Seit vielen jahren nehme ich mir vor, mal nach caceres zu fahren. Gestern war ich früh wach und fuhr gleich los. Die extremadura ist eine wilde landschaft, die allerdings von europa zur agrarwüste verwandelt wird: riesige maisfelder, eukalyptusplantagen, schon halb abgebrannt, grausam. Die leute in der eu, die in heissen ländern wein, eukalyptus und mais (alle drei entziehen der erde extrem viel wasser und brauchen viel davon) fördern, sollen jetzt mal einen betriebsausflug hierher machen.

Caceres ist eine laute, schnelle, obwohl nicht besonders groß großstädtische stadt.

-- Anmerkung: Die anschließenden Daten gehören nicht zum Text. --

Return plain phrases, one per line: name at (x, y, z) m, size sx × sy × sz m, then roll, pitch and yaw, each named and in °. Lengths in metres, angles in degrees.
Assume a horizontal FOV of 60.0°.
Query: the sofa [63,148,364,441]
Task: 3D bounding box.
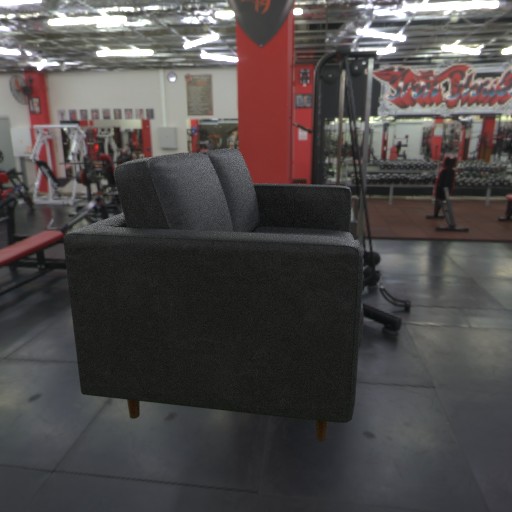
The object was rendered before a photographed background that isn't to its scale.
sofa at (0.000, 0.000, 1.941) m, size 0.879 × 0.899 × 1.430 m, roll 3°, pitch 16°, yaw 10°
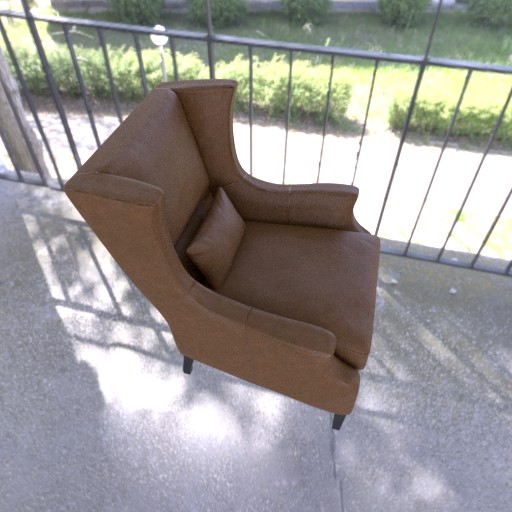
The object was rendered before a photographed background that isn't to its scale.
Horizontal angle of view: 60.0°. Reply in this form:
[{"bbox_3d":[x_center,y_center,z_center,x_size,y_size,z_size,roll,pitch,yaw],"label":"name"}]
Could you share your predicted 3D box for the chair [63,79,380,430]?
[{"bbox_3d":[0.000,0.000,1.683,0.925,1.016,0.852,10,47,10],"label":"chair"}]
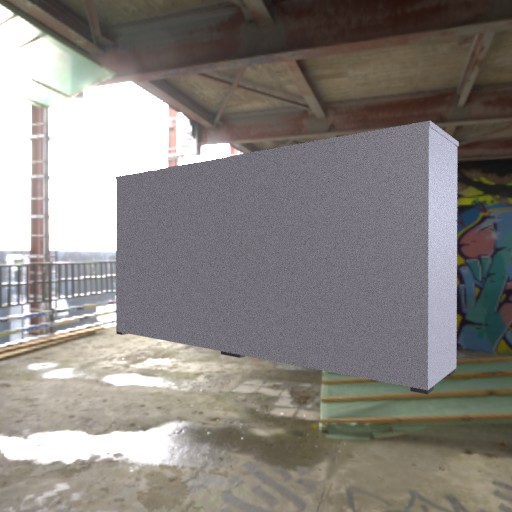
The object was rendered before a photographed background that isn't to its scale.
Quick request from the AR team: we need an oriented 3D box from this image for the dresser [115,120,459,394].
[{"bbox_3d":[0.000,0.000,1.883,1.535,0.790,0.333,0,1,38],"label":"dresser"}]
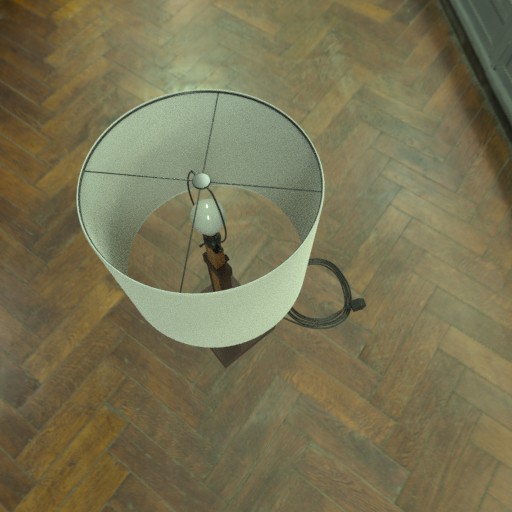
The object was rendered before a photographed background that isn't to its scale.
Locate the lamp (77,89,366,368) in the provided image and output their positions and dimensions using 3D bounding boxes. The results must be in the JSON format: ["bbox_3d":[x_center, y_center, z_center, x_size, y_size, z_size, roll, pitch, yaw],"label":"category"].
[{"bbox_3d":[0.000,0.000,0.955,0.525,0.668,0.396,-36,70,-16],"label":"lamp"}]
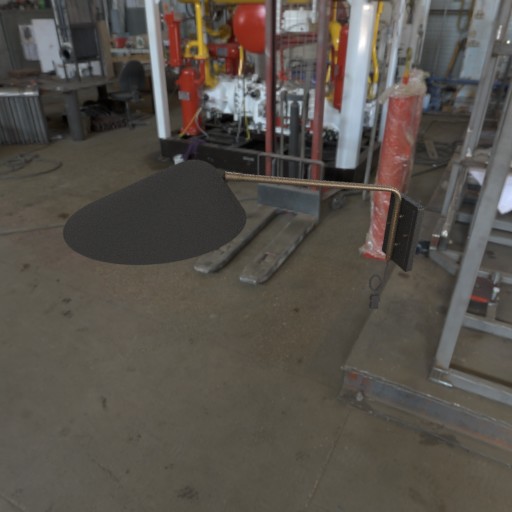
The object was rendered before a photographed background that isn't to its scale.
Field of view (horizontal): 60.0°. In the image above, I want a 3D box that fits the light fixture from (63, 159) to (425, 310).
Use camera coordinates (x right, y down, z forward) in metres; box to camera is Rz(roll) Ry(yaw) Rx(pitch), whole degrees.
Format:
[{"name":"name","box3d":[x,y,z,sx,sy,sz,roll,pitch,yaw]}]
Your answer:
[{"name":"light fixture","box3d":[0.000,0.000,0.673,0.516,0.312,0.240,-9,31,-14]}]
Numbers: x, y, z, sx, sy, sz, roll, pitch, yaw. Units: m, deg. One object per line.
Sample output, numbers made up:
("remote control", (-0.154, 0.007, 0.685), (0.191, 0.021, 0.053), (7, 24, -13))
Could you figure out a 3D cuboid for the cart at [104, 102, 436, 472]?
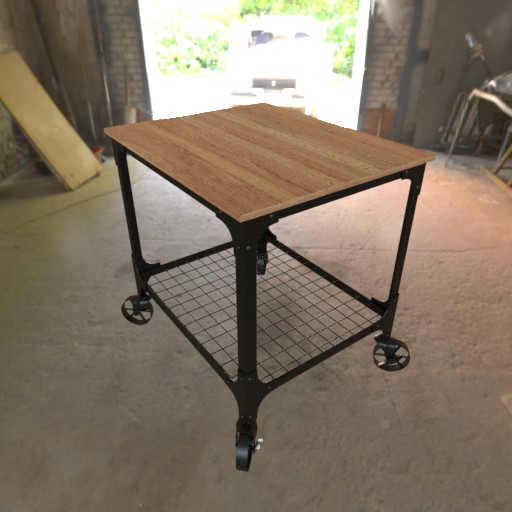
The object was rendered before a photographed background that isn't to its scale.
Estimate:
("cart", (0.000, 0.000, 1.143), (0.558, 0.603, 0.666), (-21, 37, -30))
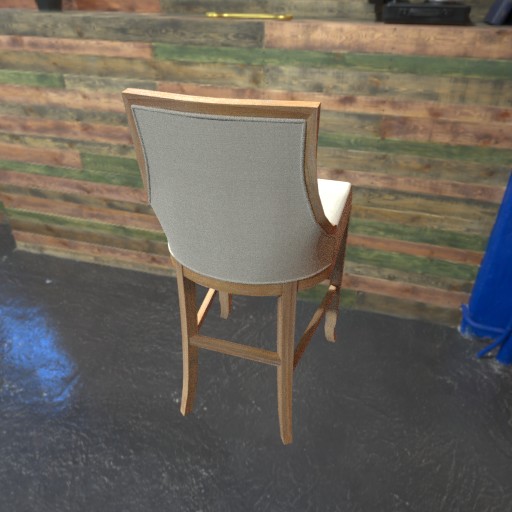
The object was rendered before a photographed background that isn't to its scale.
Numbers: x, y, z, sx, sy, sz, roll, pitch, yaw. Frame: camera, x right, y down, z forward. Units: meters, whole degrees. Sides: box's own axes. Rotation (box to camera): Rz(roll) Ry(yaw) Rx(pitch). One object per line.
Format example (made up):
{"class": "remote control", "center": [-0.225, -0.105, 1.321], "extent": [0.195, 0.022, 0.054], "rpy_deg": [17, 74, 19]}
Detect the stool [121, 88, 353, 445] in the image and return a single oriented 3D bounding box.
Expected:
{"class": "stool", "center": [0.000, 0.000, 1.426], "extent": [0.524, 1.101, 0.626], "rpy_deg": [10, 33, 15]}
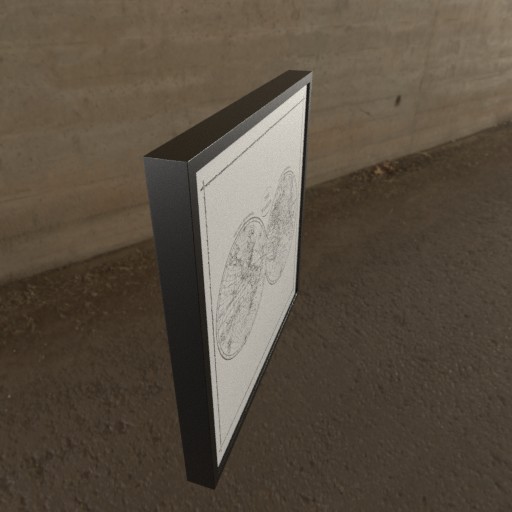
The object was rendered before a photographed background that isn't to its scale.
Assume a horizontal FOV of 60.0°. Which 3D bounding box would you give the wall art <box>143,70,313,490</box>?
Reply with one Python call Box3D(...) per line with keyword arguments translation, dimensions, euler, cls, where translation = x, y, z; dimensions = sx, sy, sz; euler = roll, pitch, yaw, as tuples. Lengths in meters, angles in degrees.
Box3D(translation=(0.000, 0.000, 0.468), dimensions=(0.029, 0.318, 0.327), euler=(10, 33, 16), cls="wall art")
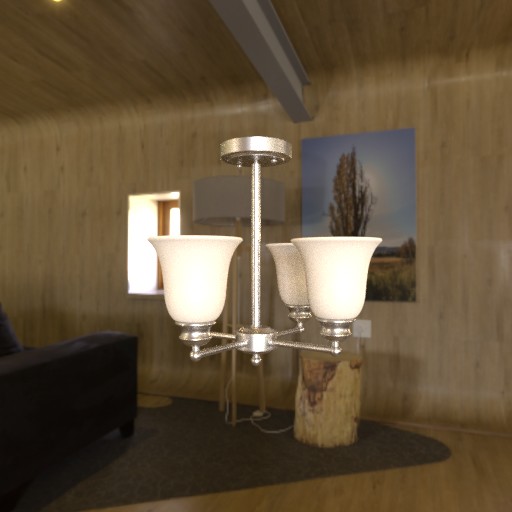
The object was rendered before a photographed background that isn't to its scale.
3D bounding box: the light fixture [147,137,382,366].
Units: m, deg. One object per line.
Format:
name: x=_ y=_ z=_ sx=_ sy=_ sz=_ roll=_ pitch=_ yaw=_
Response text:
light fixture: x=0.000 y=0.000 z=0.748 sx=0.427 sy=0.370 sz=0.427 roll=0 pitch=-1 yaw=36
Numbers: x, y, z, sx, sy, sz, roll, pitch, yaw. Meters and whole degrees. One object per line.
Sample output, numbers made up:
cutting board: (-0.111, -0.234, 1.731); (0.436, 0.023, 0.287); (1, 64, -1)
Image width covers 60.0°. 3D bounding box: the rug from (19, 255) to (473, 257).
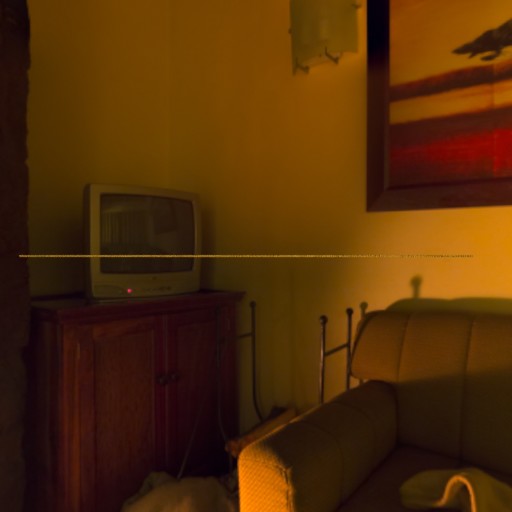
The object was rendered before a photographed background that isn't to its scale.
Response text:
rug: (0.000, 0.000, 2.171); (1.752, 0.006, 1.142); (0, 0, 17)
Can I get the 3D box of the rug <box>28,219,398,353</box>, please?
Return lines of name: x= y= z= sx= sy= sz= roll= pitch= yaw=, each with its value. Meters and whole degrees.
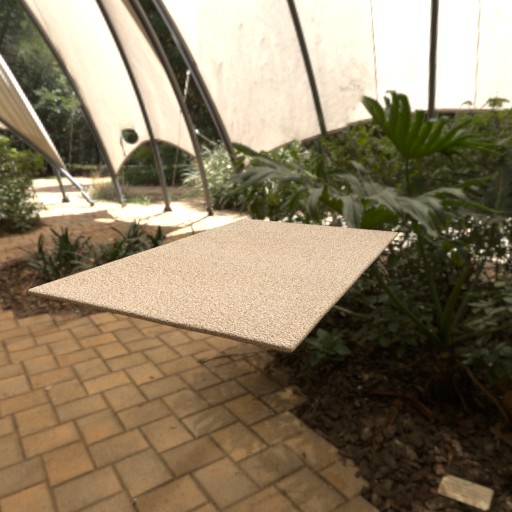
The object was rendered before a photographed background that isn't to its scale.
rug: x=0.000 y=0.000 z=3.087 sx=1.524 sy=0.030 sz=2.438 roll=7 pitch=16 yaw=26
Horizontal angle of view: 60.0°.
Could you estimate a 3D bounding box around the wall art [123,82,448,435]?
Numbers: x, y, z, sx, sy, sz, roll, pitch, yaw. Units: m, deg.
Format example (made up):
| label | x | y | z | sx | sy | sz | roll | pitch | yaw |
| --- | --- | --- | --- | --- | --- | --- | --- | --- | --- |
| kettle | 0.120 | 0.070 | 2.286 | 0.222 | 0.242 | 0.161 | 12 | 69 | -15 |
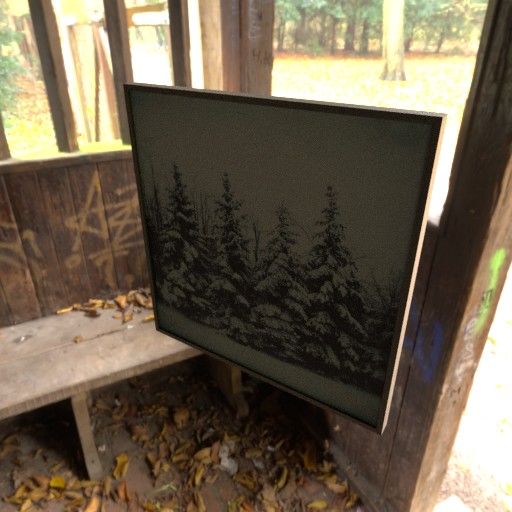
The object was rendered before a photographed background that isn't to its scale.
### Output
| label | x | y | z | sx | sy | sz | roll | pitch | yaw |
| --- | --- | --- | --- | --- | --- | --- | --- | --- | --- |
| wall art | 0.000 | 0.000 | 1.103 | 0.758 | 0.758 | 0.039 | 17 | 33 | 29 |
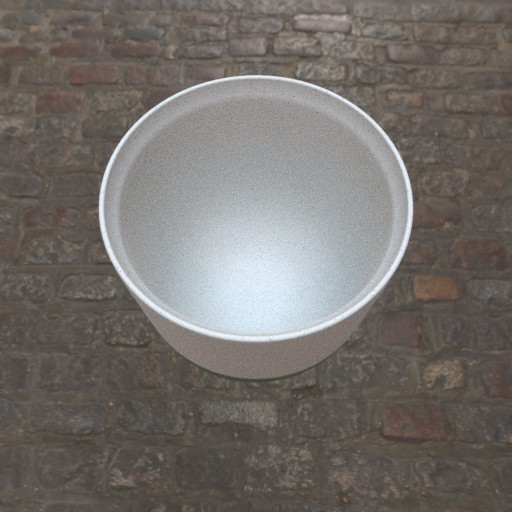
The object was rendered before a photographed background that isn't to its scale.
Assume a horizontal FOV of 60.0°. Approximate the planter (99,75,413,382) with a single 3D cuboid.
[{"bbox_3d":[0.000,0.000,0.499,0.268,0.270,0.268,0,65,0],"label":"planter"}]
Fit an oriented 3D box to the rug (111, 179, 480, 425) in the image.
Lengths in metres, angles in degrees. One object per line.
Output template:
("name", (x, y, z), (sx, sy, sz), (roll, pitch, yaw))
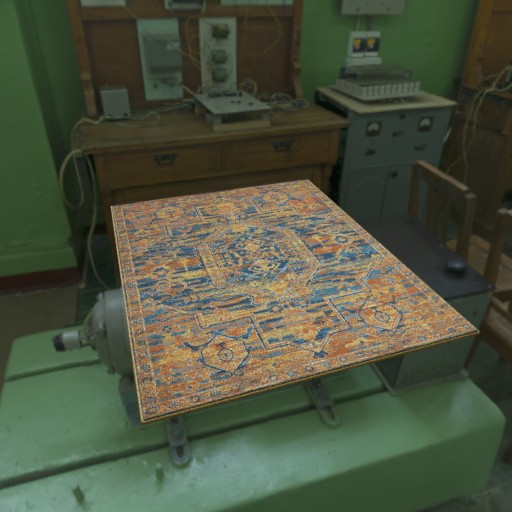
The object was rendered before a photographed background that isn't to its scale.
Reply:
("rug", (0.000, 0.000, 4.116), (2.435, 0.031, 3.040), (-10, 34, -16))
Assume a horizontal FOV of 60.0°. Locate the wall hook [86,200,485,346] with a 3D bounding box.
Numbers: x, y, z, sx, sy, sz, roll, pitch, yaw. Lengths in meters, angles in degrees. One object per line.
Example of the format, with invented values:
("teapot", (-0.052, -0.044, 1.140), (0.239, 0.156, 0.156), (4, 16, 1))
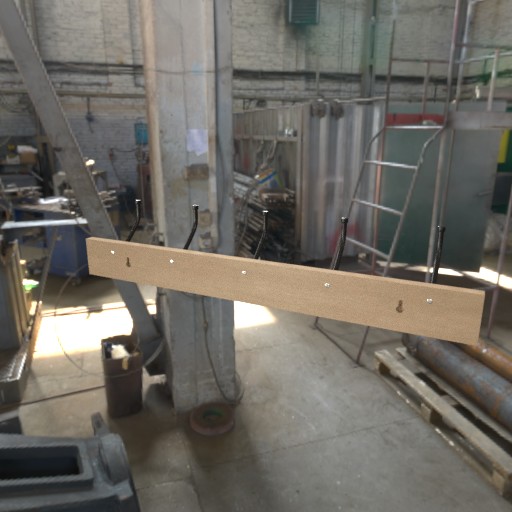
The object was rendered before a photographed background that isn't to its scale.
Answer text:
("wall hook", (0.000, 0.000, 0.619), (0.571, 0.117, 0.071), (8, 18, 25))
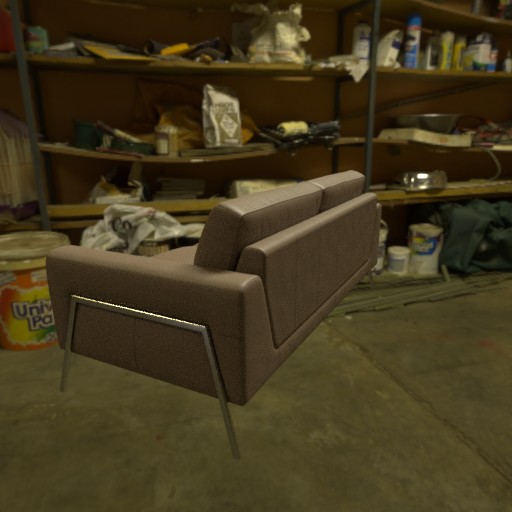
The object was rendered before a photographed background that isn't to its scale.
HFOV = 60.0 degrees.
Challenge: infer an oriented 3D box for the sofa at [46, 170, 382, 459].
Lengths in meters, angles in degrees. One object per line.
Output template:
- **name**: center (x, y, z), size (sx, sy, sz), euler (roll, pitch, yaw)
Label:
- **sofa**: center (0.000, 0.000, 2.511), size (0.953, 0.875, 2.017), euler (8, 17, 27)
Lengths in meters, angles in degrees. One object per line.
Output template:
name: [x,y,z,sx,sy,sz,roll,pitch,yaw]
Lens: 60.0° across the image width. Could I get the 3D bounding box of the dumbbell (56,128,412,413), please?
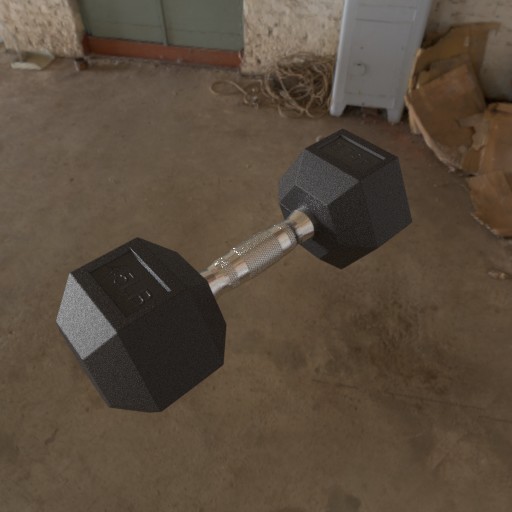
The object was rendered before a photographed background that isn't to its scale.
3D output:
dumbbell: [0.000,0.000,0.424,0.356,0.123,0.141,-33,55,-27]
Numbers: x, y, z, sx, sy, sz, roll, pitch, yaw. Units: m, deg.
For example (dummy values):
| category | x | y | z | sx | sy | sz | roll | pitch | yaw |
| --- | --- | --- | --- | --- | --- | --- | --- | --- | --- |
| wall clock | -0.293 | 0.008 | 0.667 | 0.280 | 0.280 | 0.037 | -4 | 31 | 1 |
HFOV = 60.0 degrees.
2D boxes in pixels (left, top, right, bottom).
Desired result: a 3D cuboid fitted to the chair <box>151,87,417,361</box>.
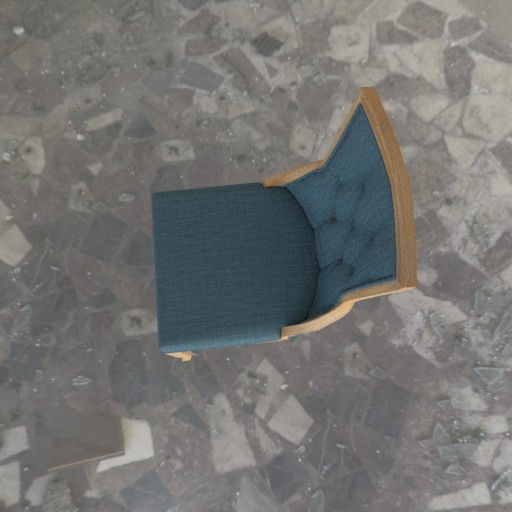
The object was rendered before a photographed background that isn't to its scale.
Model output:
| category | x | y | z | sx | sy | sz | roll | pitch | yaw |
| --- | --- | --- | --- | --- | --- | --- | --- | --- | --- |
| chair | 0.000 | 0.000 | 1.363 | 0.641 | 0.947 | 0.524 | -6 | 74 | -2 |

Man fährt durch den üblichen industrie und wohnburgen-gürtel hinein, prachtboulevard, die leute entspannt, trinken kaffee, unterhalten sich. Schöne atmosphäre. Aber leider: mörderischer verkehr, einbahnstrassen labyrinthe und keine parkplätze. Ich muss ohne auto nochmal herkommen. Nach einem frühstück fuhr ich also weiter nach malpartida, wo gerade ein fest stattfand, mit einigen schwierigkeiten eine fahne gehisst und ein loblied auf die extremadura gesungen wurde. Es gibt da auch diesen park mit eindrucksvollen felsformationen und das museum des deutschen künstlers wolf vostell (1932 bis 98), das mir eher wie ein deutscher albtraum vorkam, schwamm drüber, es war sowieso geschlossen.

Die nächsten hundert kilometer schien ich vollkommen losgelöst von zeit und raum durch eine unwirkliche landschaft in allen gelb- und ockertönen auf wohlige art verloren zu gehen. Ab und zu hielt ich an und stieg in die steinlandschaft. valencia de alcantara hat doch wahrhaftig einen bahnhof. Züge gibt’s in portugal und spanien eher weniger. Die meisten leute reisen mit dem eigenen auto oder per bus.
Die grenze zwischen spanien und portugal ist wild und rau, adler kreisen über den bergen, die aussehen wie kleine dolomiten, verwaiste wohnhäuser, die früher wohl von den familien der zollbeamten bewohnt waren, verfallen jetzt in schönheit. Überhaupt: viel verfall, überall. Riesige gutshäuser samt kirchen und ställen verrotten so langsam in der landschaft. Die natur holt sich am ende alles zurück. Unterhalb marvao hats viele hektar wald und naturschutzgebiete weggebrannt. Ich fühlte mich nicht mehr so wohl zwischen all den verbrannten flächen und all dem, was noch brennen könnte. Fand einen wunderhübschen stausee und sprang rein. Er schenkte mir einen kleine zauberhaften kristall.



For many years now i've been thinking: i should visit caceres. Yesterday was the day, i woke up early and off i went. Extremadura in spain is a wild landscape that has been transformed by eu money to an agricultural desert, what with endlessly large cornfields and eukalyptus . The people in the eu who sponsor eukalyptus, vine and corn (all three need lots of water) in dry countries should personally have a good look at what it does to nature!
Caceres is charming – loud, fast and although not a big city with all the flair of one. I had breakfast in the park of the avenida where everyone seems to meet, have coffee and chat. Alas – the traffic is fast and there are not many possibilities to park the car, but every possibility to get entangled in a maze of one-way-streets, so i left and had a look at malpartida de caceres, where a festival was going on and they pulled up a flag (with some difficulty) singing a song to praise the extremadura.
There is a natural park with impressive rock formations and the museum of wolf vostell (german artist 1932 - 98), to me it seemed more like a prison, but it was closed anyway.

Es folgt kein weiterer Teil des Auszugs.